OpenClaw lets you compose packs:
workflow:
name: "full-research-pipeline"
steps:
- skill_pack: "research-pack"
output_key: "research_data"
- skill_pack: "report-pack"
input_from: "research_data"
This gives you modularity. The research pack is tested and stable. The report pack is tested and stable. The interface between them is a single, well-defined data contract. If something breaks, you know immediately which pack to investigate.
The Shortcut Worth Taking
If all of this sounds like a lot of configuration to get right — the schemas, the routing, the error handling, the testing — you're not wrong. It is. And getting it wrong in subtle ways leads to agents that work 70% of the time, which is somehow worse than agents that work 0% of the time (because you start trusting them).
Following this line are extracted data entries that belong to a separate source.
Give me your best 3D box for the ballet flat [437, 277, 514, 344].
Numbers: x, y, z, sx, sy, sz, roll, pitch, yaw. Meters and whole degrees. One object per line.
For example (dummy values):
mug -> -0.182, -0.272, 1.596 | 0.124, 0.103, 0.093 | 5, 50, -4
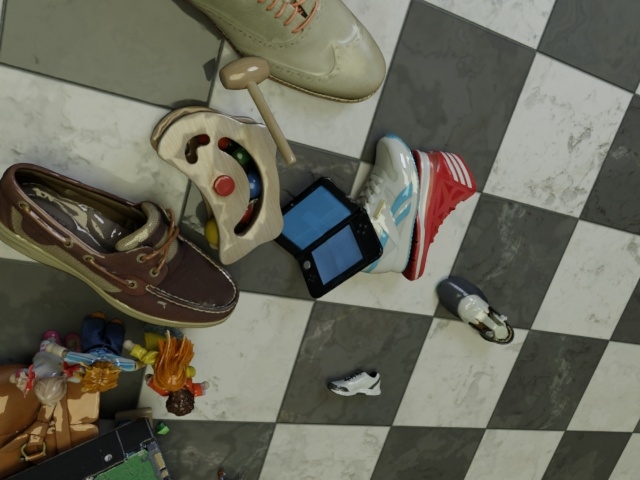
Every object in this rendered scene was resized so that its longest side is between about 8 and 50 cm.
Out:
ballet flat -> 0.302, 0.139, 0.979 | 0.203, 0.074, 0.074 | 40, 93, -28

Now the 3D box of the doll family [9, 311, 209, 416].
doll family -> -0.270, 0.159, 0.714 | 0.263, 0.163, 0.118 | 13, 105, -25

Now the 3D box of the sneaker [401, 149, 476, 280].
sneaker -> 0.199, -0.040, 0.862 | 0.128, 0.087, 0.221 | -5, 113, -18

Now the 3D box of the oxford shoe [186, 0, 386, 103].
oxford shoe -> -0.063, -0.286, 0.629 | 0.397, 0.146, 0.140 | 25, 99, -27

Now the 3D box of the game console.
game console -> 0.000, 0.000, 0.774 | 0.144, 0.124, 0.085 | -37, 148, 27

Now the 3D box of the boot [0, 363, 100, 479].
boot -> -0.439, 0.307, 0.754 | 0.220, 0.109, 0.283 | 4, 101, -27

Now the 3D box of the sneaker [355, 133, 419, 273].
sneaker -> 0.094, -0.052, 0.817 | 0.093, 0.087, 0.228 | -3, 109, -16

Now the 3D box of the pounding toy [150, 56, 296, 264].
pounding toy -> -0.127, -0.092, 0.675 | 0.154, 0.155, 0.269 | -13, 115, -20

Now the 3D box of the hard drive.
hard drive -> -0.391, 0.412, 0.760 | 0.339, 0.064, 0.236 | -21, 136, -23

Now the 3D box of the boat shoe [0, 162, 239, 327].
boat shoe -> -0.241, 0.009, 0.670 | 0.342, 0.123, 0.123 | 33, 139, -23

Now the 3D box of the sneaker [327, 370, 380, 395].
sneaker -> 0.062, 0.262, 0.958 | 0.109, 0.040, 0.043 | 6, 92, -26

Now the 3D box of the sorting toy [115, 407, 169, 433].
sorting toy -> -0.291, 0.303, 0.848 | 0.084, 0.012, 0.061 | -1, 110, -20

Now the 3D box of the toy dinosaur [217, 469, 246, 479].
toy dinosaur -> -0.159, 0.449, 0.917 | 0.090, 0.082, 0.047 | -53, 157, -33

This is where I'd genuinely point you toward Felix's OpenClaw Starter Pack. It's $29 on Claw Mart and includes pre-configured skill packs with the routing, schemas, and error handling already set up and tested. If you don't want to build all of this from scratch — especially the tricky parts like data contracts between skills and the graph routing configs — it's a real time-saver.
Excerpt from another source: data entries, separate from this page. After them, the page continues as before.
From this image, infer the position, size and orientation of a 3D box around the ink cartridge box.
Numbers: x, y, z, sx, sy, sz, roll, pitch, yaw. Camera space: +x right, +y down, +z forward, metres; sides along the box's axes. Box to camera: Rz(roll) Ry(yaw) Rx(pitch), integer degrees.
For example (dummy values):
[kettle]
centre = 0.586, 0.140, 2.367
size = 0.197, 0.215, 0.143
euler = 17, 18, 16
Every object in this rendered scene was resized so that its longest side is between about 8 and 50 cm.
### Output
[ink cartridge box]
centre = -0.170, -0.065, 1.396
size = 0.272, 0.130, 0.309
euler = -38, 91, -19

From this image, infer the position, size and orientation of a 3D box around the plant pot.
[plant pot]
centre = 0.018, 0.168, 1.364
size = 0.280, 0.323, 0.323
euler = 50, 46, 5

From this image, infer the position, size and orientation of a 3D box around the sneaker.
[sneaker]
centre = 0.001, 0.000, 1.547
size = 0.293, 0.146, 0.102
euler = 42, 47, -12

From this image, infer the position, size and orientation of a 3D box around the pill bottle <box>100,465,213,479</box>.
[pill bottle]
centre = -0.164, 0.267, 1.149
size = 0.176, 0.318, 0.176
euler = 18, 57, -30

I spent a few weeks figuring out the patterns I described in this post by trial and error. The starter pack essentially encapsulates those patterns into ready-to-use bundles you can deploy immediately or modify to fit your specific use case. For thirty bucks, the time savings alone makes it worth it, not to mention avoiding the token costs of debugging broken bundles.
Where to Go From Here
Once you've got a working skill pack — whether you built it from scratch or started with a pre-built template — the next steps are:
- Add observability. Track which skills get called most, which fail most, and where latency accumulates. Optimize from data, not hunches.
- Version your packs. When you update a skill's schema, bump the version. This is basic hygiene that prevents "it was working yesterday" mysteries.
- Write integration tests. Feed known inputs through the full pack and assert on the output structure. Automate this. Run it before every deployment.
- Gradually increase complexity. Add one skill at a time to a working pack. Test after each addition. The moment reliability drops, you've found your complexity ceiling.
Bundling skills in OpenClaw isn't inherently hard. What's hard is doing it without structure — throwing tools at an LLM and expecting it to orchestrate them perfectly. The skill pack system gives you the structure. Use it deliberately, keep your bundles focused, enforce your data contracts, and you'll build agents that actually work consistently instead of working "most of the time, except when they don't, which is always in production."
That's the whole game. Go build something.